* _EXERCISE INPUTS_:
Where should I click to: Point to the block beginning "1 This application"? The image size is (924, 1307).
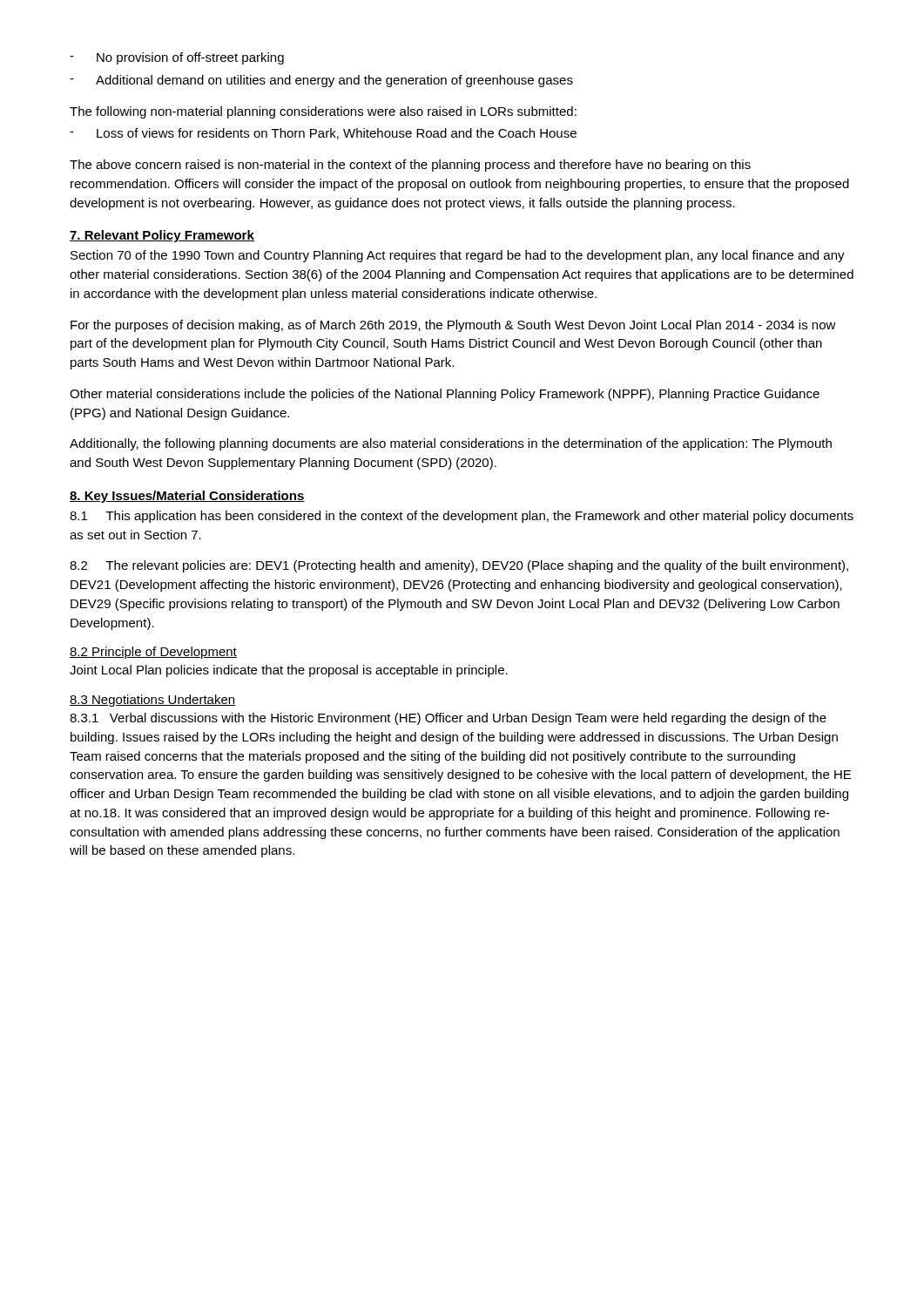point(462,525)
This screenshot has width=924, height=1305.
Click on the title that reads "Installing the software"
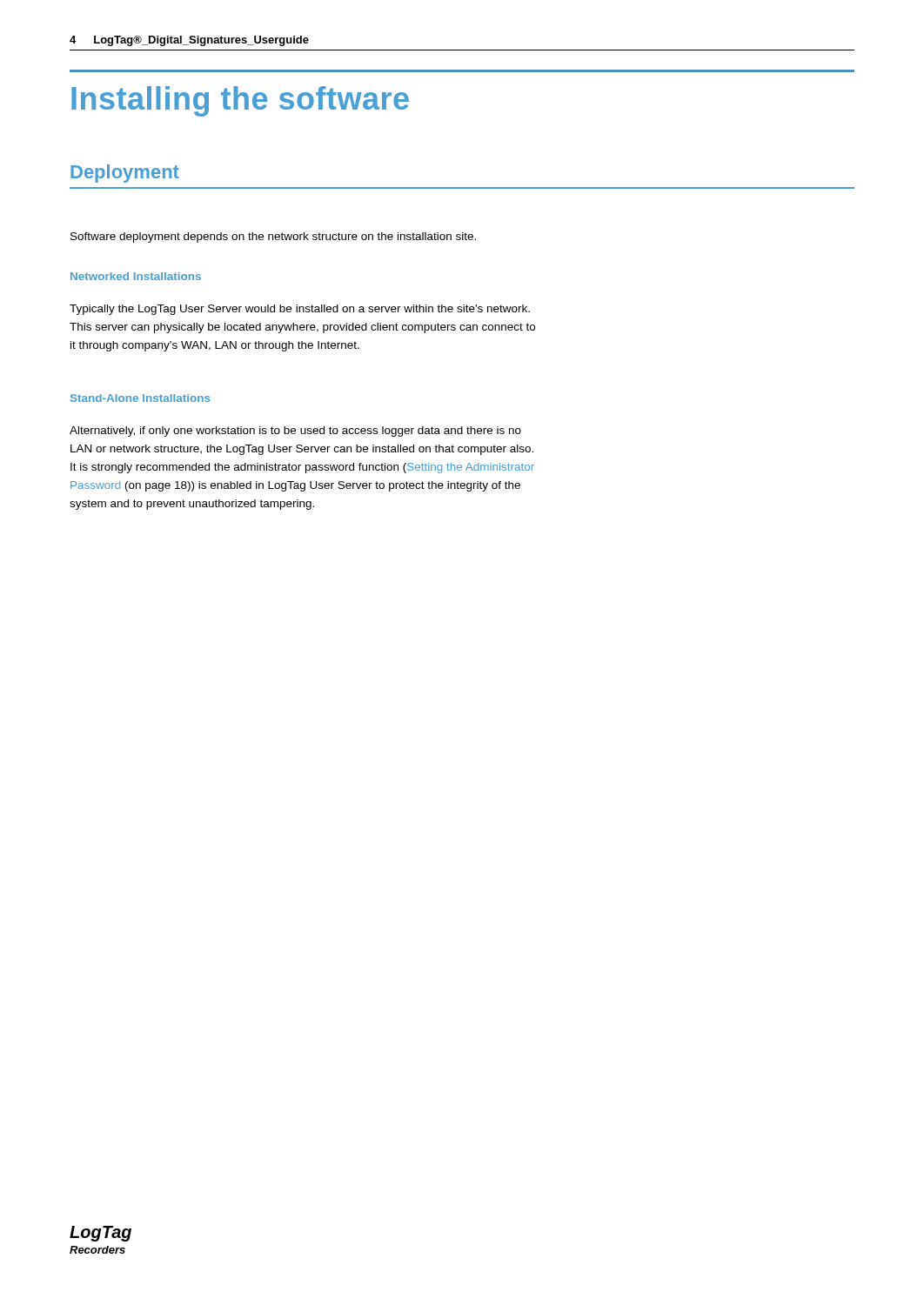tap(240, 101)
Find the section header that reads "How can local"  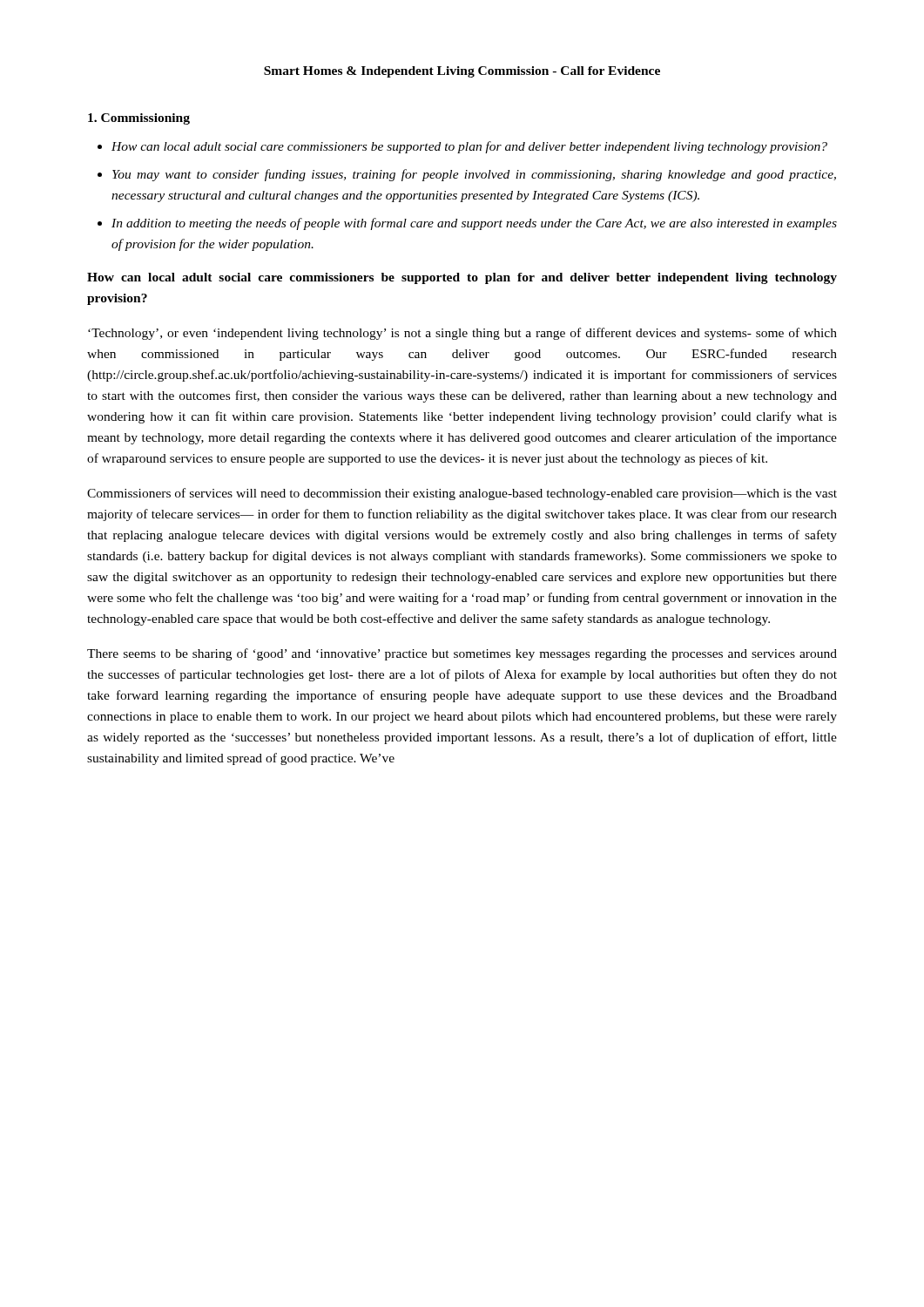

* _YOUR INSTRUCTIONS_:
Nothing but an exact transcription of the material, without pictures, should be returned.

* _ANSWER FOR THE TASK_:
Where should I click to: Point to the block beginning "1 This application"? The image size is (924, 1307).
point(462,525)
This screenshot has width=924, height=1305.
Click on the title that reads "Installing the software"
tap(240, 101)
Find the section header that reads "How can local"  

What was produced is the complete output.